Start from the thing everyone skips past: the model itself remembers nothing. An LLM is a pure function. Same input, same output, no state carried between calls. Whatever feels like memory when you talk to ChatGPT is a layer wrapped around the model, re-sending the relevant history on every single request. The model is not remembering your last message. Something else is handing it back to the model, every turn, and paying for the tokens each time.
That layer is where almost all the engineering lives, and almost all of it collapses into two patterns: a conversation history that keeps growing until you truncate it, and a vector database you call RAG. Those are two of seven distinct things an agent can remember. The catch is that they're the two that don't make the agent any smarter over time. The type that does, the one that turns yesterday's mistakes into tomorrow's rules, is the least-built component in the entire stack.

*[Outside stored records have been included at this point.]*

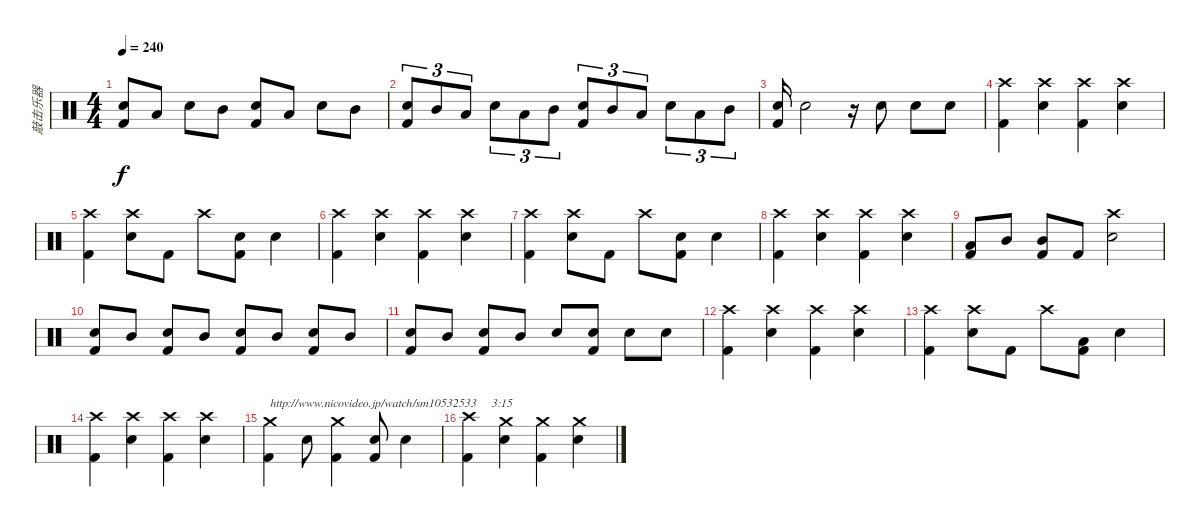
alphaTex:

\track ("敲击乐器" "敲击乐器") {instrument percussion}
\staff {score}
\articulation defaults
\ts (4 4)
\tempo 240
\clef neutral
\ks c
("Snare (hit) 2" "Kick (hit) 2").8{dy f} "Low Tom (hit)".8 "Electric Snare (hit)".8 "Mid Tom (hit)".8 ("Snare (hit) 2" "Kick (hit) 2").8 "Low Tom (hit)".8 "Electric Snare (hit)".8 "Mid Tom (hit)".8 |
("Snare (hit) 2" "Kick (hit) 2").8{tu (3 2)} "Mid Tom (hit)".8{tu (3 2)} "Low Tom (hit)".8{tu (3 2)} "Electric Snare (hit)".8{tu (3 2)} "Low Tom (hit)".8{tu (3 2)} "Mid Tom (hit)".8{tu (3 2)} ("Snare (hit) 2" "Kick (hit) 2").8{tu (3 2)} "Mid Tom (hit)".8{tu (3 2)} "Low Tom (hit)".8{tu (3 2)} "Electric Snare (hit)".8{tu (3 2)} "Low Tom (hit)".8{tu (3 2)} "Mid Tom (hit)".8{tu (3 2)} |
("Electric Snare (hit)" "Kick (hit) 2").16 "Electric Snare (hit)".2 r.16 "Electric Snare (hit)".8 "Electric Snare (hit)".8 "Electric Snare (hit)".8 |
("Crash high (hit)" "Kick (hit) 2").4 ("Crash high (hit)" "Electric Snare (hit)").4 ("Crash high (hit)" "Kick (hit) 2").4 ("Crash high (hit)" "Electric Snare (hit)").4 |
("Crash high (hit)" "Kick (hit) 2").4 ("Crash high (hit)" "Electric Snare (hit)").8 "Kick (hit) 2".8 "Crash high (hit)".8 ("Snare (hit) 2" "Kick (hit) 2").8 "Electric Snare (hit)".4 |
("Crash high (hit)" "Kick (hit) 2").4 ("Crash high (hit)" "Electric Snare (hit)").4 ("Crash high (hit)" "Kick (hit) 2").4 ("Crash high (hit)" "Electric Snare (hit)").4 |
("Crash high (hit)" "Kick (hit) 2").4 ("Crash high (hit)" "Electric Snare (hit)").8 "Kick (hit) 2".8 "Crash high (hit)".8 ("Snare (hit) 2" "Kick (hit) 2").8 "Electric Snare (hit)".4 |
("Crash high (hit)" "Kick (hit) 2").4 ("Crash high (hit)" "Electric Snare (hit)").4 ("Crash high (hit)" "Kick (hit) 2").4 ("Crash high (hit)" "Electric Snare (hit)").4 |
("Low Tom (hit)" "Kick (hit) 2").8 "Mid Tom (hit)".8 ("Mid Tom (hit)" "Kick (hit) 2").8 "Kick (hit) 2".8 ("Crash high (hit)" "Electric Snare (hit)").2 |
("Electric Snare (hit)" "Kick (hit) 2").8 "Mid Tom (hit)".8 ("Electric Snare (hit)" "Kick (hit) 2").8 "Mid Tom (hit)".8 ("Electric Snare (hit)" "Kick (hit) 2").8 "Mid Tom (hit)".8 ("Electric Snare (hit)" "Kick (hit) 2").8 "Mid Tom (hit)".8 |
("Electric Snare (hit)" "Kick (hit) 2").8 "Mid Tom (hit)".8 ("Electric Snare (hit)" "Kick (hit) 2").8 "Mid Tom (hit)".8 "Electric Snare (hit)".8 ("Electric Snare (hit)" "Kick (hit) 2").8 "Electric Snare (hit)".8 "Electric Snare (hit)".8 |
("Crash high (hit)" "Kick (hit) 2").4 ("Crash high (hit)" "Electric Snare (hit)").4 ("Crash high (hit)" "Kick (hit) 2").4 ("Crash high (hit)" "Electric Snare (hit)").4 |
("Crash high (hit)" "Kick (hit) 2").4 ("Crash high (hit)" "Electric Snare (hit)").8 "Kick (hit) 2".8 "Crash high (hit)".8 ("Low Tom (hit)" "Kick (hit) 2").8 "Electric Snare (hit)".4 |
("Crash high (hit)" "Kick (hit) 2").4 ("Crash high (hit)" "Electric Snare (hit)").4 ("Crash high (hit)" "Kick (hit) 2").4 ("Crash high (hit)" "Electric Snare (hit)").4 |
("Crash medium (hit)" "Kick (hit) 2").4{txt "http://www.nicovideo.jp/watch/sm10532533     3:15"} "Electric Snare (hit)".8 ("Crash medium (hit)" "Kick (hit) 2").4 ("Electric Snare (hit)" "Kick (hit) 2").8 "Electric Snare (hit)".4 |
("Crash high (hit)" "Kick (hit) 2").4 ("Crash medium (hit)" "Electric Snare (hit)").4 ("Crash medium (hit)" "Kick (hit) 2").4 ("Crash medium (hit)" "Electric Snare (hit)").4

This is part one of three. Here I'll lay out the seven types and argue about which ones actually earn the name. The taxonomy isn't mine: it comes from cognitive science by way of the CoALA paper (Sumers et al., Princeton 2023) and Tulving's 1972 split between episodic and semantic memory. What follows is the engineer's version, with opinions about what to build and what to ignore.
The only axis that matters: how long it lives
Forget the seven labels for a second. There's one organizing question, and it's temporal. Does this memory live inside the context window for a single turn, or does it persist outside the model across sessions?
Short-term is the context window. It's fast, it's right there, and it evaporates when the session ends. Long-term is everything you write to an external store and read back later. Two of the seven straddle the middle: their store is long-lived, but what they hand the model is used for exactly one turn and then thrown away. One type doesn't sit in any store at all; it's frozen into the model's weights.
Here's the full set, then I'll argue about it.
| # | Type | Lives | In one line |
|---|---|---|---|
| 1 | Working | Short | Everything in the context window right now |
| 2 | Semantic | Long | Facts, preferences, domain knowledge: the know-what |
| 3 | Episodic | Long | Logged past events: what worked, what failed |
| 4 | Procedural | Long | Skills, workflows, tool patterns: the know-how |
| 5 | Retrieval | Both | Knowledge pulled in by similarity search (RAG) |
| 6 | Parametric | Long | Knowledge baked into the model's weights |
| 7 | Prospective | Both | Future intentions, scheduled to fire later |
Read past the table and you'll notice two of these don't behave like memory at all. That's the interesting part.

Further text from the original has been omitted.